Saved data entries:
+ + + + +

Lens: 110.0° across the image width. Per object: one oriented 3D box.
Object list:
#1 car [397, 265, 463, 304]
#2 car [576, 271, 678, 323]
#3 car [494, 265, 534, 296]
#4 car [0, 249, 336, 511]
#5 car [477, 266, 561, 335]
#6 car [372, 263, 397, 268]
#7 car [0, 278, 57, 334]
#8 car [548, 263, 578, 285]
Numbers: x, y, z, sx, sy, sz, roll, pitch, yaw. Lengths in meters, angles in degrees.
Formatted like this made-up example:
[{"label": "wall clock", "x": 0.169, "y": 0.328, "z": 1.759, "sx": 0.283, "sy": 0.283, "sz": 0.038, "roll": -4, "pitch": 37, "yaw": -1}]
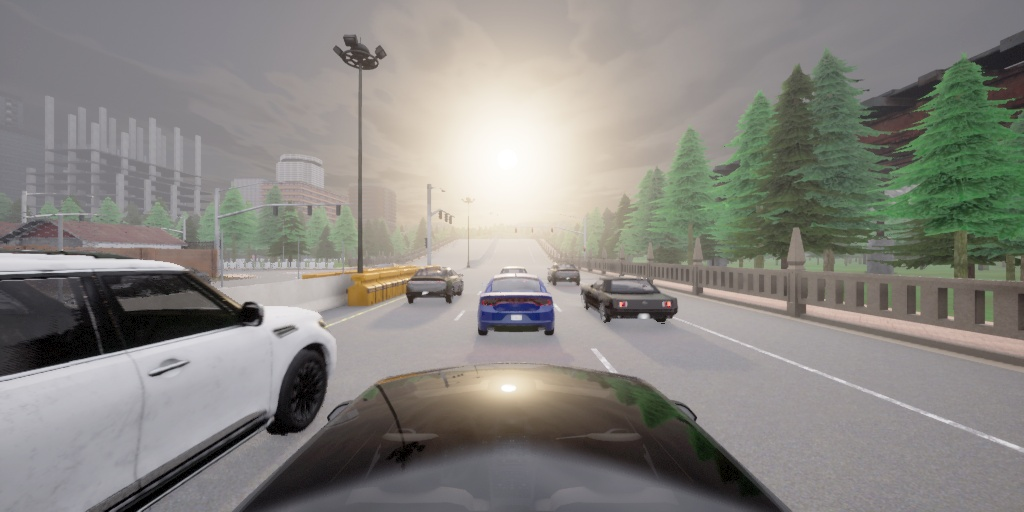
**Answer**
[{"label": "car", "x": -3.395, "y": 1.242, "z": 16.408, "sx": 2.128, "sy": 1.511, "sz": 4.902, "roll": 0, "pitch": 0, "yaw": 0}, {"label": "car", "x": 3.603, "y": 1.351, "z": 12.015, "sx": 1.895, "sy": 1.301, "sz": 4.718, "roll": 0, "pitch": 0, "yaw": 0}, {"label": "car", "x": 0.106, "y": 1.297, "z": 20.568, "sx": 2.033, "sy": 1.411, "sz": 5.357, "roll": 0, "pitch": 0, "yaw": 0}, {"label": "car", "x": -3.403, "y": 0.974, "z": 2.369, "sx": 2.150, "sy": 2.045, "sz": 5.566, "roll": 0, "pitch": 0, "yaw": 0}, {"label": "car", "x": 0.100, "y": 1.228, "z": 10.497, "sx": 1.882, "sy": 1.535, "sz": 5.008, "roll": 0, "pitch": 0, "yaw": 0}, {"label": "car", "x": -10.490, "y": 1.311, "z": 29.989, "sx": 1.812, "sy": 1.442, "sz": 4.674, "roll": 0, "pitch": 0, "yaw": 0}, {"label": "car", "x": -14.097, "y": 1.314, "z": 8.236, "sx": 1.994, "sy": 1.385, "sz": 4.181, "roll": 0, "pitch": 0, "yaw": 0}, {"label": "car", "x": 3.609, "y": 1.241, "z": 25.520, "sx": 2.128, "sy": 1.511, "sz": 4.902, "roll": 0, "pitch": 0, "yaw": 0}]
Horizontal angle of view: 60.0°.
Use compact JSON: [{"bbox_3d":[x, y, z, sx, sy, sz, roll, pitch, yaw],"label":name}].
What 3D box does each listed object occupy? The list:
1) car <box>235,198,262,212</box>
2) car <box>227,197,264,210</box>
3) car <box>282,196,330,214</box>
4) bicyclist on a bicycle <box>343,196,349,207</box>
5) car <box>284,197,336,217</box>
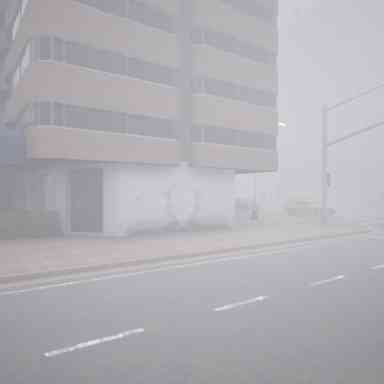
[{"bbox_3d":[5.768,1.507,39.468,1.882,1.535,5.008,0,0,-36],"label":"car"},{"bbox_3d":[6.956,1.511,43.786,1.882,1.535,5.008,0,0,-36],"label":"car"},{"bbox_3d":[12.361,1.385,36.330,2.097,1.767,4.553,0,0,-36],"label":"car"},{"bbox_3d":[22.029,1.350,47.659,1.656,1.620,0.582,0,0,-36],"label":"bicyclist on a bicycle"},{"bbox_3d":[11.249,1.507,31.902,1.882,1.535,5.008,0,0,-36],"label":"car"}]
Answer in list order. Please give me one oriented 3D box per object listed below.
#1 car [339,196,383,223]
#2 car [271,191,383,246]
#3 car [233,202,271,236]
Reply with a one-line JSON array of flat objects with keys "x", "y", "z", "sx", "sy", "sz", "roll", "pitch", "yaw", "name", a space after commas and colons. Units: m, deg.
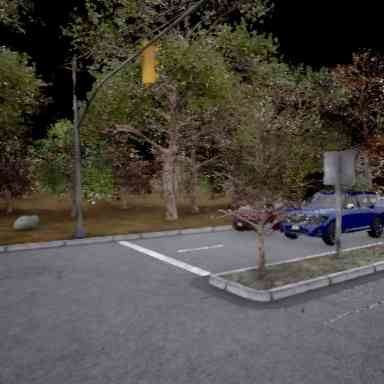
[{"x": 12.140, "y": 1.075, "z": 22.165, "sx": 5.008, "sy": 1.535, "sz": 1.882, "roll": -1, "pitch": 2, "yaw": -34, "name": "car"}, {"x": 6.318, "y": 0.997, "z": 14.563, "sx": 5.566, "sy": 2.045, "sz": 2.150, "roll": -1, "pitch": 2, "yaw": -35, "name": "car"}, {"x": 4.290, "y": 1.201, "z": 16.817, "sx": 5.008, "sy": 1.535, "sz": 1.882, "roll": -1, "pitch": 2, "yaw": -34, "name": "car"}]
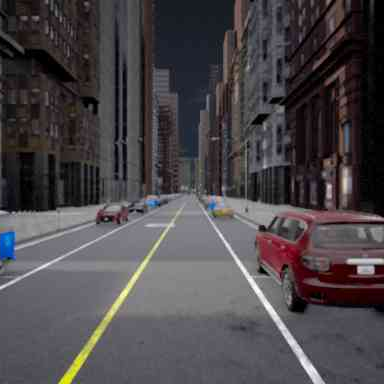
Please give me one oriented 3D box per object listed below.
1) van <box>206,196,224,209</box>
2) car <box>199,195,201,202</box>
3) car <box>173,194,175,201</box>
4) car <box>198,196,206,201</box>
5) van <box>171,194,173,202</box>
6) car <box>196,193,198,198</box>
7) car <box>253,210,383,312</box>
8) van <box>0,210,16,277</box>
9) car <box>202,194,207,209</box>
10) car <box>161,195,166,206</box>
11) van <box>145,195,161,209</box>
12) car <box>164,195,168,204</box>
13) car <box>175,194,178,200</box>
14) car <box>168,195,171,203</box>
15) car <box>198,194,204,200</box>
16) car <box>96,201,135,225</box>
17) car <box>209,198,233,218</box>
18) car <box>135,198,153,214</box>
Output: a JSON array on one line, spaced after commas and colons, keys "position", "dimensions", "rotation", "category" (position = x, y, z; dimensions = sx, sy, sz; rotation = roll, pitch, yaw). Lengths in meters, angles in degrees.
[{"position": [2.763, 1.398, 35.851], "dimensions": [1.690, 1.788, 3.998], "rotation": [0, 0, 0], "category": "van"}, {"position": [2.765, 1.651, 58.396], "dimensions": [2.008, 1.369, 4.403], "rotation": [0, 0, 0], "category": "car"}, {"position": [-5.758, 1.585, 80.933], "dimensions": [1.967, 1.590, 4.097], "rotation": [0, 0, 0], "category": "car"}, {"position": [2.768, 1.733, 92.214], "dimensions": [1.947, 1.339, 4.313], "rotation": [0, 0, 0], "category": "car"}, {"position": [-5.759, 1.475, 75.297], "dimensions": [1.690, 1.788, 3.998], "rotation": [0, 0, 0], "category": "van"}, {"position": [2.767, 1.460, 80.942], "dimensions": [2.192, 1.841, 5.009], "rotation": [0, 0, 0], "category": "car"}, {"position": [2.761, 1.325, 7.670], "dimensions": [2.192, 1.841, 5.009], "rotation": [0, 0, 0], "category": "car"}, {"position": [-5.764, 1.352, 7.655], "dimensions": [1.690, 1.788, 3.998], "rotation": [0, 0, 0], "category": "van"}, {"position": [2.764, 1.519, 47.124], "dimensions": [1.967, 1.590, 4.097], "rotation": [0, 0, 0], "category": "car"}, {"position": [-5.760, 1.656, 52.749], "dimensions": [1.947, 1.339, 4.313], "rotation": [0, 0, 0], "category": "car"}, {"position": [-5.761, 1.420, 47.113], "dimensions": [1.690, 1.788, 3.998], "rotation": [0, 0, 0], "category": "van"}, {"position": [-5.759, 1.667, 58.386], "dimensions": [1.947, 1.339, 4.313], "rotation": [0, 0, 0], "category": "car"}, {"position": [-5.757, 1.608, 92.207], "dimensions": [1.967, 1.590, 4.097], "rotation": [0, 0, 0], "category": "car"}, {"position": [-5.760, 1.427, 64.023], "dimensions": [2.192, 1.841, 5.009], "rotation": [0, 0, 0], "category": "car"}, {"position": [2.766, 1.563, 69.668], "dimensions": [1.967, 1.590, 4.097], "rotation": [0, 0, 0], "category": "car"}, {"position": [-5.762, 1.581, 24.566], "dimensions": [1.887, 1.381, 4.507], "rotation": [0, 0, 0], "category": "car"}, {"position": [2.763, 1.572, 30.385], "dimensions": [1.752, 1.417, 4.829], "rotation": [0, 0, 0], "category": "car"}, {"position": [-5.761, 1.623, 35.839], "dimensions": [1.947, 1.339, 4.313], "rotation": [0, 0, 0], "category": "car"}]
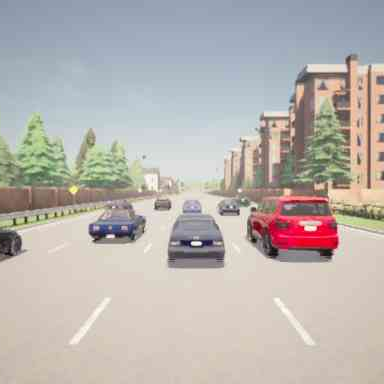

+ + + + +

■ **TASK PROMPT**: Retype all records exactly as shown above, images excluded.

■ **WRITTEN ANSWER**:
Lens: 110.0° across the image width. Per object: one oriented 3D box.
Object list:
#1 car [397, 265, 463, 304]
#2 car [576, 271, 678, 323]
#3 car [494, 265, 534, 296]
#4 car [0, 249, 336, 511]
#5 car [477, 266, 561, 335]
#6 car [372, 263, 397, 268]
#7 car [0, 278, 57, 334]
#8 car [548, 263, 578, 285]
Numbers: x, y, z, sx, sy, sz, roll, pitch, yaw. Lengths in meters, angles in degrees.
Formatted like this made-up example:
[{"label": "wall clock", "x": 0.169, "y": 0.328, "z": 1.759, "sx": 0.283, "sy": 0.283, "sz": 0.038, "roll": -4, "pitch": 37, "yaw": -1}]
**Answer**
[{"label": "car", "x": -3.395, "y": 1.242, "z": 16.408, "sx": 2.128, "sy": 1.511, "sz": 4.902, "roll": 0, "pitch": 0, "yaw": 0}, {"label": "car", "x": 3.603, "y": 1.351, "z": 12.015, "sx": 1.895, "sy": 1.301, "sz": 4.718, "roll": 0, "pitch": 0, "yaw": 0}, {"label": "car", "x": 0.106, "y": 1.297, "z": 20.568, "sx": 2.033, "sy": 1.411, "sz": 5.357, "roll": 0, "pitch": 0, "yaw": 0}, {"label": "car", "x": -3.403, "y": 0.974, "z": 2.369, "sx": 2.150, "sy": 2.045, "sz": 5.566, "roll": 0, "pitch": 0, "yaw": 0}, {"label": "car", "x": 0.100, "y": 1.228, "z": 10.497, "sx": 1.882, "sy": 1.535, "sz": 5.008, "roll": 0, "pitch": 0, "yaw": 0}, {"label": "car", "x": -10.490, "y": 1.311, "z": 29.989, "sx": 1.812, "sy": 1.442, "sz": 4.674, "roll": 0, "pitch": 0, "yaw": 0}, {"label": "car", "x": -14.097, "y": 1.314, "z": 8.236, "sx": 1.994, "sy": 1.385, "sz": 4.181, "roll": 0, "pitch": 0, "yaw": 0}, {"label": "car", "x": 3.609, "y": 1.241, "z": 25.520, "sx": 2.128, "sy": 1.511, "sz": 4.902, "roll": 0, "pitch": 0, "yaw": 0}]
Horizontal angle of view: 60.0°.
Use compact JSON: [{"bbox_3d":[x, y, z, sx, sy, sz, roll, pitch, yaw],"label":name}].
What 3D box does each listed object occupy? The list:
1) car <box>235,198,262,212</box>
2) car <box>227,197,264,210</box>
3) car <box>282,196,330,214</box>
4) bicyclist on a bicycle <box>343,196,349,207</box>
5) car <box>284,197,336,217</box>
[{"bbox_3d":[5.768,1.507,39.468,1.882,1.535,5.008,0,0,-36],"label":"car"},{"bbox_3d":[6.956,1.511,43.786,1.882,1.535,5.008,0,0,-36],"label":"car"},{"bbox_3d":[12.361,1.385,36.330,2.097,1.767,4.553,0,0,-36],"label":"car"},{"bbox_3d":[22.029,1.350,47.659,1.656,1.620,0.582,0,0,-36],"label":"bicyclist on a bicycle"},{"bbox_3d":[11.249,1.507,31.902,1.882,1.535,5.008,0,0,-36],"label":"car"}]
Answer in list order. Please give me one oriented 3D box per object listed below.
#1 car [339,196,383,223]
#2 car [271,191,383,246]
#3 car [233,202,271,236]
Reply with a one-line JSON array of flat objects with keys "x", "y", "z", "sx", "sy", "sz", "roll", "pitch", "yaw", "name", a space after commas and colons. Units: m, deg.
[{"x": 12.140, "y": 1.075, "z": 22.165, "sx": 5.008, "sy": 1.535, "sz": 1.882, "roll": -1, "pitch": 2, "yaw": -34, "name": "car"}, {"x": 6.318, "y": 0.997, "z": 14.563, "sx": 5.566, "sy": 2.045, "sz": 2.150, "roll": -1, "pitch": 2, "yaw": -35, "name": "car"}, {"x": 4.290, "y": 1.201, "z": 16.817, "sx": 5.008, "sy": 1.535, "sz": 1.882, "roll": -1, "pitch": 2, "yaw": -34, "name": "car"}]
Please give me one oriented 3D box per object listed below.
1) van <box>206,196,224,209</box>
2) car <box>199,195,201,202</box>
3) car <box>173,194,175,201</box>
4) car <box>198,196,206,201</box>
5) van <box>171,194,173,202</box>
6) car <box>196,193,198,198</box>
7) car <box>253,210,383,312</box>
8) van <box>0,210,16,277</box>
9) car <box>202,194,207,209</box>
10) car <box>161,195,166,206</box>
11) van <box>145,195,161,209</box>
12) car <box>164,195,168,204</box>
13) car <box>175,194,178,200</box>
14) car <box>168,195,171,203</box>
15) car <box>198,194,204,200</box>
16) car <box>96,201,135,225</box>
17) car <box>209,198,233,218</box>
18) car <box>135,198,153,214</box>
Output: a JSON array on one line, spaced after commas and colons, keys "position", "dimensions", "rotation", "category" (position = x, y, z; dimensions = sx, sy, sz; rotation = roll, pitch, yaw). Lengths in meters, angles in degrees.
[{"position": [2.763, 1.398, 35.851], "dimensions": [1.690, 1.788, 3.998], "rotation": [0, 0, 0], "category": "van"}, {"position": [2.765, 1.651, 58.396], "dimensions": [2.008, 1.369, 4.403], "rotation": [0, 0, 0], "category": "car"}, {"position": [-5.758, 1.585, 80.933], "dimensions": [1.967, 1.590, 4.097], "rotation": [0, 0, 0], "category": "car"}, {"position": [2.768, 1.733, 92.214], "dimensions": [1.947, 1.339, 4.313], "rotation": [0, 0, 0], "category": "car"}, {"position": [-5.759, 1.475, 75.297], "dimensions": [1.690, 1.788, 3.998], "rotation": [0, 0, 0], "category": "van"}, {"position": [2.767, 1.460, 80.942], "dimensions": [2.192, 1.841, 5.009], "rotation": [0, 0, 0], "category": "car"}, {"position": [2.761, 1.325, 7.670], "dimensions": [2.192, 1.841, 5.009], "rotation": [0, 0, 0], "category": "car"}, {"position": [-5.764, 1.352, 7.655], "dimensions": [1.690, 1.788, 3.998], "rotation": [0, 0, 0], "category": "van"}, {"position": [2.764, 1.519, 47.124], "dimensions": [1.967, 1.590, 4.097], "rotation": [0, 0, 0], "category": "car"}, {"position": [-5.760, 1.656, 52.749], "dimensions": [1.947, 1.339, 4.313], "rotation": [0, 0, 0], "category": "car"}, {"position": [-5.761, 1.420, 47.113], "dimensions": [1.690, 1.788, 3.998], "rotation": [0, 0, 0], "category": "van"}, {"position": [-5.759, 1.667, 58.386], "dimensions": [1.947, 1.339, 4.313], "rotation": [0, 0, 0], "category": "car"}, {"position": [-5.757, 1.608, 92.207], "dimensions": [1.967, 1.590, 4.097], "rotation": [0, 0, 0], "category": "car"}, {"position": [-5.760, 1.427, 64.023], "dimensions": [2.192, 1.841, 5.009], "rotation": [0, 0, 0], "category": "car"}, {"position": [2.766, 1.563, 69.668], "dimensions": [1.967, 1.590, 4.097], "rotation": [0, 0, 0], "category": "car"}, {"position": [-5.762, 1.581, 24.566], "dimensions": [1.887, 1.381, 4.507], "rotation": [0, 0, 0], "category": "car"}, {"position": [2.763, 1.572, 30.385], "dimensions": [1.752, 1.417, 4.829], "rotation": [0, 0, 0], "category": "car"}, {"position": [-5.761, 1.623, 35.839], "dimensions": [1.947, 1.339, 4.313], "rotation": [0, 0, 0], "category": "car"}]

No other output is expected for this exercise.